Here are a couple of really basic general questions:
Why do I have to start Firefox (or any graphics-based application) from a graphical environment like xterm?  
At an engineering level, what's the difference between a graphical and a non-graphical environment?  
Why can't FreeBSD understand that Firefox requires a graphical environment and simply switch over for me?
Thanks,
Kevin


----------



## phoenix (Jun 11, 2010)

For the same reasons that you can't start Firefox from a DOS prompt ... terminals have no GUI support.

You first have to load a GUI environment in order to run GUI apps.

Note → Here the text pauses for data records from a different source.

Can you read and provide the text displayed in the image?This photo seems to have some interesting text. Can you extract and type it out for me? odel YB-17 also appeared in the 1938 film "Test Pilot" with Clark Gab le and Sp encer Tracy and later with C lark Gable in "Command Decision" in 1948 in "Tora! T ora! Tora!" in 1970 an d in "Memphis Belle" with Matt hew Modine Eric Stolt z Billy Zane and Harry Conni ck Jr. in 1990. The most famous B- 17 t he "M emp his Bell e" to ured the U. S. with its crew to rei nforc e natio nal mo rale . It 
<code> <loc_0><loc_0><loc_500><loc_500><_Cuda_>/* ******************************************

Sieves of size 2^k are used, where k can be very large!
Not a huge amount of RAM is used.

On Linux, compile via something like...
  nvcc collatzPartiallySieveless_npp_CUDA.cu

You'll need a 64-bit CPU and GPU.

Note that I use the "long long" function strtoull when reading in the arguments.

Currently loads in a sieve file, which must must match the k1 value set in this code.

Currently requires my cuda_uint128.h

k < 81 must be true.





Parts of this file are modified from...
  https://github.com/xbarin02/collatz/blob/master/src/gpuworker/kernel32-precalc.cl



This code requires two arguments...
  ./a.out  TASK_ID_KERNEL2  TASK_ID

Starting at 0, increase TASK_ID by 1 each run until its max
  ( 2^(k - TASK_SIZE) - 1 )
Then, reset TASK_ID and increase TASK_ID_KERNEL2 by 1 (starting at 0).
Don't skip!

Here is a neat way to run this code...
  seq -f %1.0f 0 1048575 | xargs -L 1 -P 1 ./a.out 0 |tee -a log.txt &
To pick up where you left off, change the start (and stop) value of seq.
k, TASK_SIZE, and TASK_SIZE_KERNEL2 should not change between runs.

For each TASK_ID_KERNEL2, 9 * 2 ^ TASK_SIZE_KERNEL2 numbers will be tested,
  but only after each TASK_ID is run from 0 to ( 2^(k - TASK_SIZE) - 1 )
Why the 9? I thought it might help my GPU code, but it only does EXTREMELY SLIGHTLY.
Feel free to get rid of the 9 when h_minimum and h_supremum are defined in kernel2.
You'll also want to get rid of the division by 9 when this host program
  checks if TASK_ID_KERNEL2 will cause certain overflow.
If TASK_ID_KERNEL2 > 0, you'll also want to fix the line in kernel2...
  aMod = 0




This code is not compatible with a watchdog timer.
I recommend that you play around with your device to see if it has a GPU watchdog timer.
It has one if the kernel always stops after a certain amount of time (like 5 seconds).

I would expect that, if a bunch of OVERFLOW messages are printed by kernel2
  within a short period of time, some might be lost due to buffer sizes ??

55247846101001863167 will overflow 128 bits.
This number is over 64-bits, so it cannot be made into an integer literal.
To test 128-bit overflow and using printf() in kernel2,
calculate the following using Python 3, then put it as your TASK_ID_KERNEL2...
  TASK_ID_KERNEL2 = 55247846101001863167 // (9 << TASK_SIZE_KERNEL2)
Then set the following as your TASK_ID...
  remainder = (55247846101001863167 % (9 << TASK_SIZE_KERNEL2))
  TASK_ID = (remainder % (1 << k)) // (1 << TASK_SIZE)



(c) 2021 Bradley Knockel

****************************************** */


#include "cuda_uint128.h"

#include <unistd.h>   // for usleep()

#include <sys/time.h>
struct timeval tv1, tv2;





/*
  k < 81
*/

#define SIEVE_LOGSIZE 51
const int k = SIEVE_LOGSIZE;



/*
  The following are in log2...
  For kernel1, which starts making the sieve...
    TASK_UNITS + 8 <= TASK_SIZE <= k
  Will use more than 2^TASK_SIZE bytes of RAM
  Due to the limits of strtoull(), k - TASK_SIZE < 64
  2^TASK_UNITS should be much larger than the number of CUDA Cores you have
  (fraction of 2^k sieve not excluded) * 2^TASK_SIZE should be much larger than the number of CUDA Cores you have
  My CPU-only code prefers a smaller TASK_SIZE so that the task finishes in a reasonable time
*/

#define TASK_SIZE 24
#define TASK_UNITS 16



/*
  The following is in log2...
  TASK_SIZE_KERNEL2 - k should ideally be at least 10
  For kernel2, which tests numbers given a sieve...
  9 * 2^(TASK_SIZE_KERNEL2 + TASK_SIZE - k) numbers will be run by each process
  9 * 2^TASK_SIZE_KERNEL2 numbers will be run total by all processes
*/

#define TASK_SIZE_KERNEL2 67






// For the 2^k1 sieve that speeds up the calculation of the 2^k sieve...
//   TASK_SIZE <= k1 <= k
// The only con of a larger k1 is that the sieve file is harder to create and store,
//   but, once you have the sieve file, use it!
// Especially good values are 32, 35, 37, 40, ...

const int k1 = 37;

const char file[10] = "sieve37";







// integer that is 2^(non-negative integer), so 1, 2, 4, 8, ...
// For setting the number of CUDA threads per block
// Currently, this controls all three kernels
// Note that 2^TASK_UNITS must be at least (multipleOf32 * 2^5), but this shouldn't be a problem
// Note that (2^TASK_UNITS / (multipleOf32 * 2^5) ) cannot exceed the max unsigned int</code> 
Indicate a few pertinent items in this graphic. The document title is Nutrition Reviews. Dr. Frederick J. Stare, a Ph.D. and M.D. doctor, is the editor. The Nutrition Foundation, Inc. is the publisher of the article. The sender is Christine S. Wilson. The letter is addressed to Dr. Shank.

Do you really want GUI apps to start up the X server automatically in the background?


----------



## nekoexmachina (Jun 11, 2010)

write a bunch of scripts that start X with xinitrc that starts what you need. 
But why do you want that thing?
Also you can start firefox from a non-X terminal when you have your X running with something like `$ env DISPLAY=:0.0 firefox`


----------



## keval (Jun 12, 2010)

OK.  We're edging towards an answer here.  Why don't terminals have GUI support?  What's the fundamental difference between a screen full of CLI and a screen full of Firefox?
Sorry guys, but I have almost no computer background, so my questions might be a bit more basic than you think.
Kevin


----------



## wblock@ (Jun 12, 2010)

http://en.wikipedia.org/wiki/Text_mode
http://en.wikipedia.org/wiki/Raster_graphics


----------



## gilinko (Jun 12, 2010)

keval said:
			
		

> OK.  We're edging towards an answer here.  Why don't terminals have GUI support?  What's the fundamental difference between a screen full of CLI and a screen full of Firefox?
> Sorry guys, but I have almost no computer background, so my questions might be a bit more basic than you think.
> Kevin



What you are asking for is the difference between different enviroments in computer terms, and a CLI has it's properties and a GUI has it's properties. 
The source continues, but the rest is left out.